→ Problem: A faithful transcript of every entry is required; pictures do not belong in it.
**** Given information ****
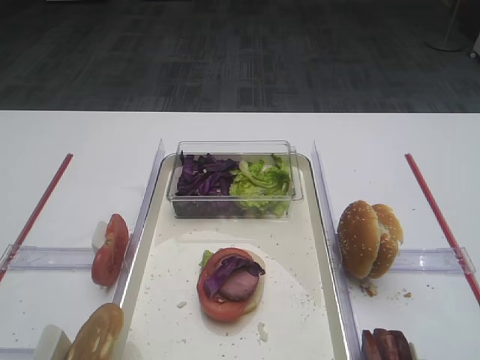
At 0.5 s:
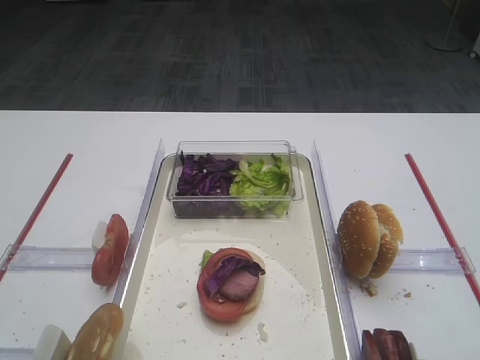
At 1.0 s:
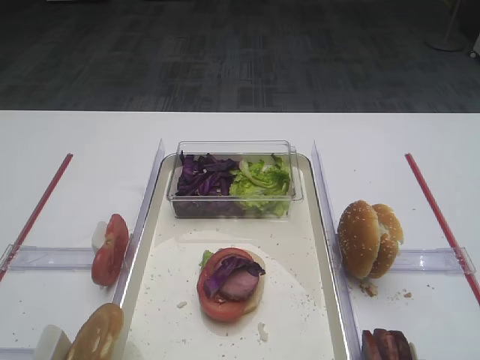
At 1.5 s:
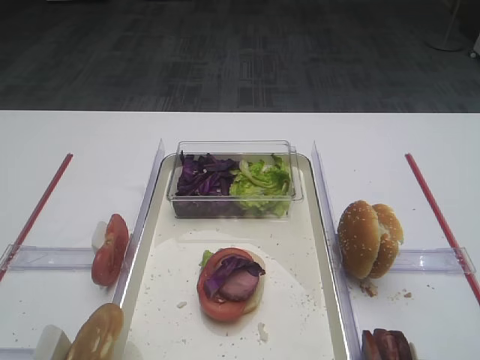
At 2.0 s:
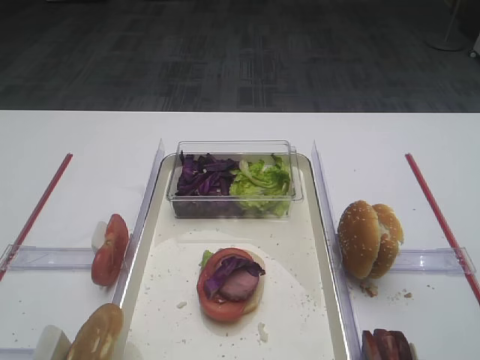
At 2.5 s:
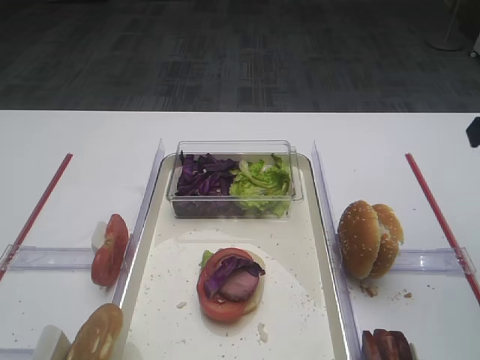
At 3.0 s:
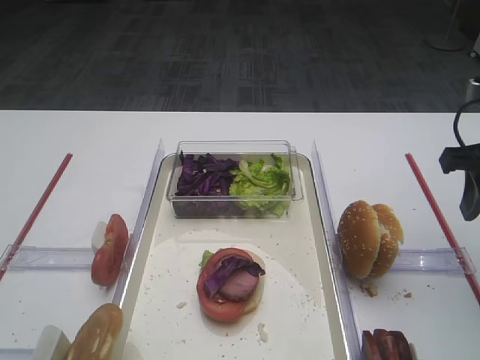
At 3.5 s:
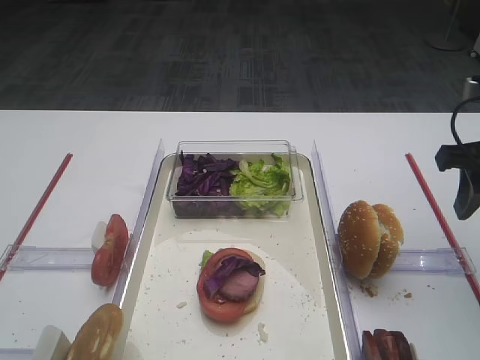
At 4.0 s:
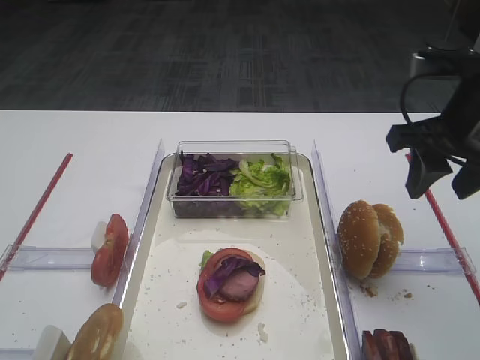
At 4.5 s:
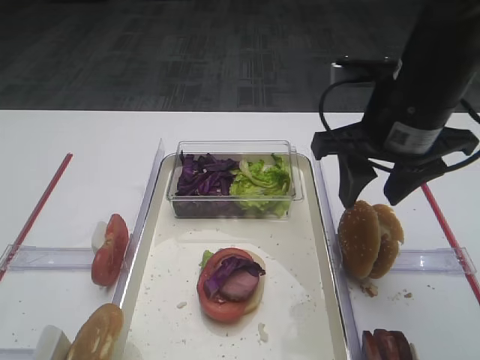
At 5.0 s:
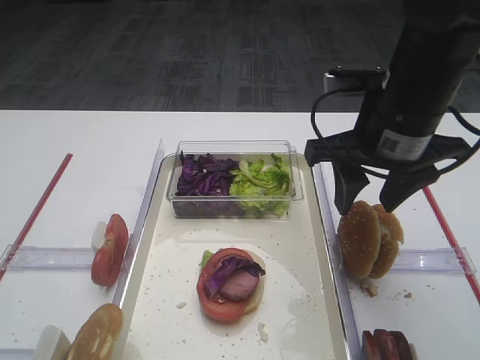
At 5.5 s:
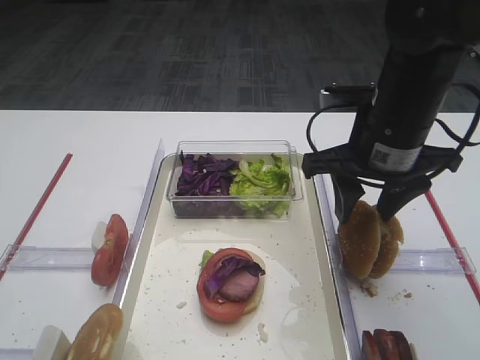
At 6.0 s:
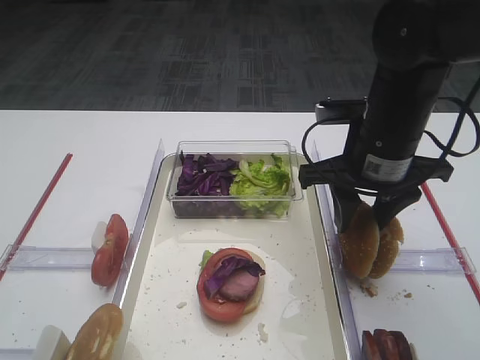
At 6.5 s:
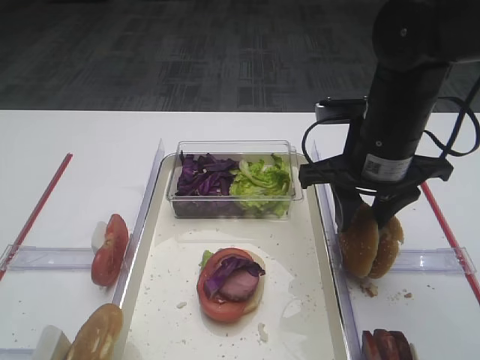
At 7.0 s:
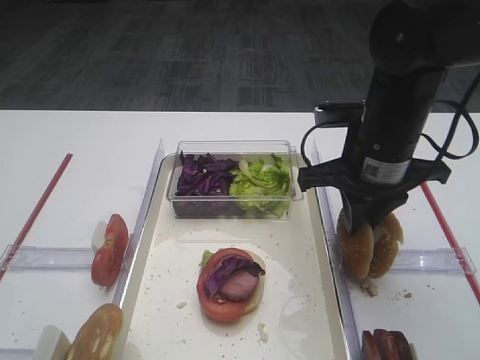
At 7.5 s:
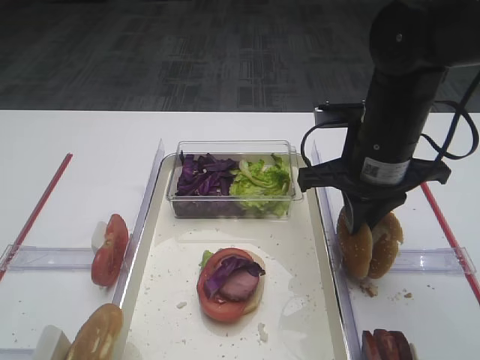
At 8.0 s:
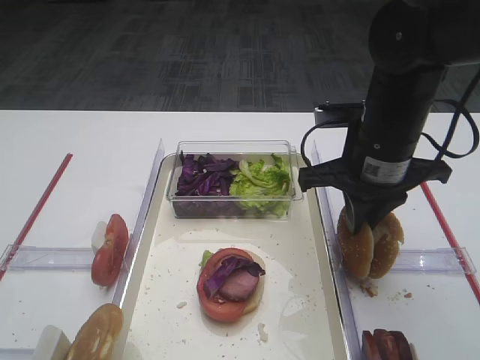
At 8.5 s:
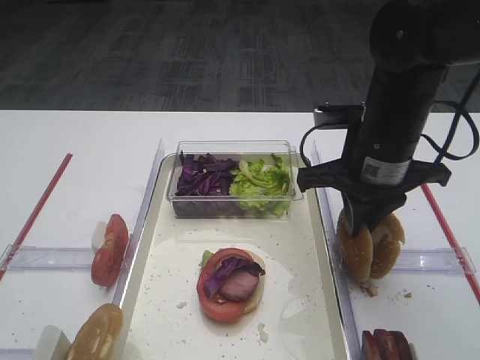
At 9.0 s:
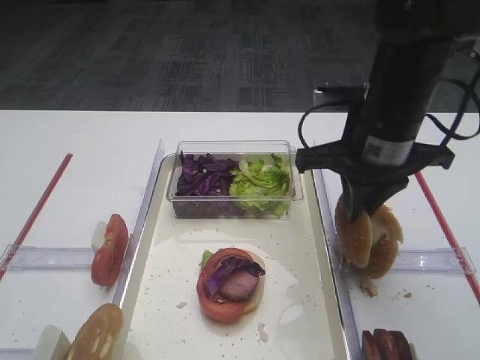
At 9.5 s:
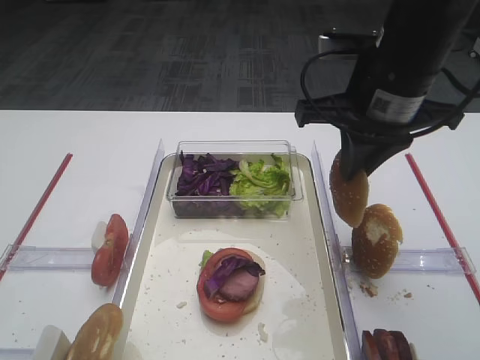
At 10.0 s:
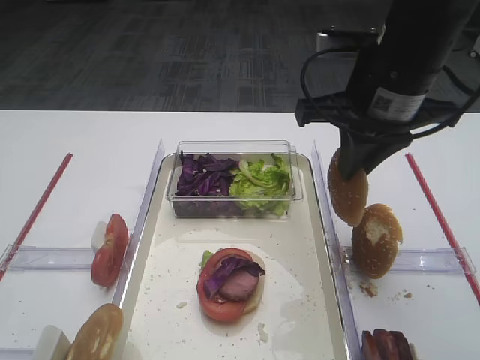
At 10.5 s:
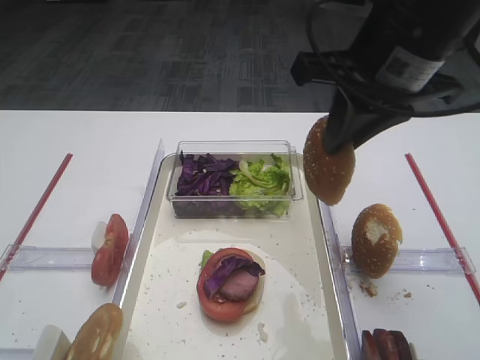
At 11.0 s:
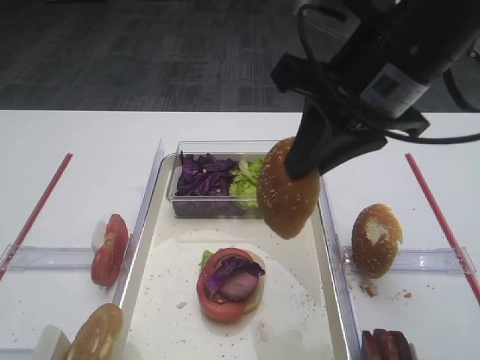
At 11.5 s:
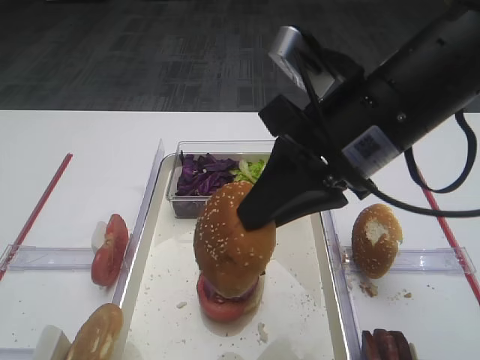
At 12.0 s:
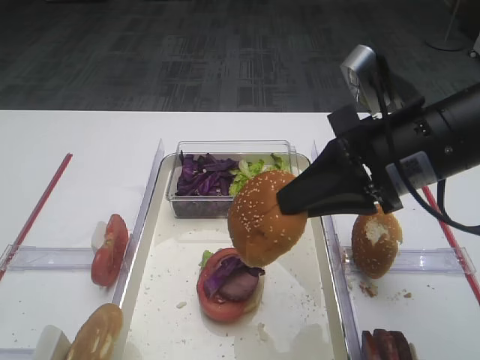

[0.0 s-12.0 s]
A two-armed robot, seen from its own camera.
****
→ Completed task:
At 0.5 s:
At 1.0 s:
At 1.5 s:
At 2.0 s:
At 2.5 s:
At 3.0 s:
At 3.5 s:
At 4.0 s:
At 4.5 s:
At 5.0 s:
At 5.5 s:
At 6.0 s:
At 6.5 s:
At 7.0 s:
At 7.5 s:
At 8.0 s:
At 8.5 s:
At 9.0 s:
At 9.5 s:
At 10.0 s:
At 10.5 s:
At 11.0 s:
At 11.5 s:
At 12.0 s:

[0.0 s-12.0 s]
A two-armed robot, seen from its own camera.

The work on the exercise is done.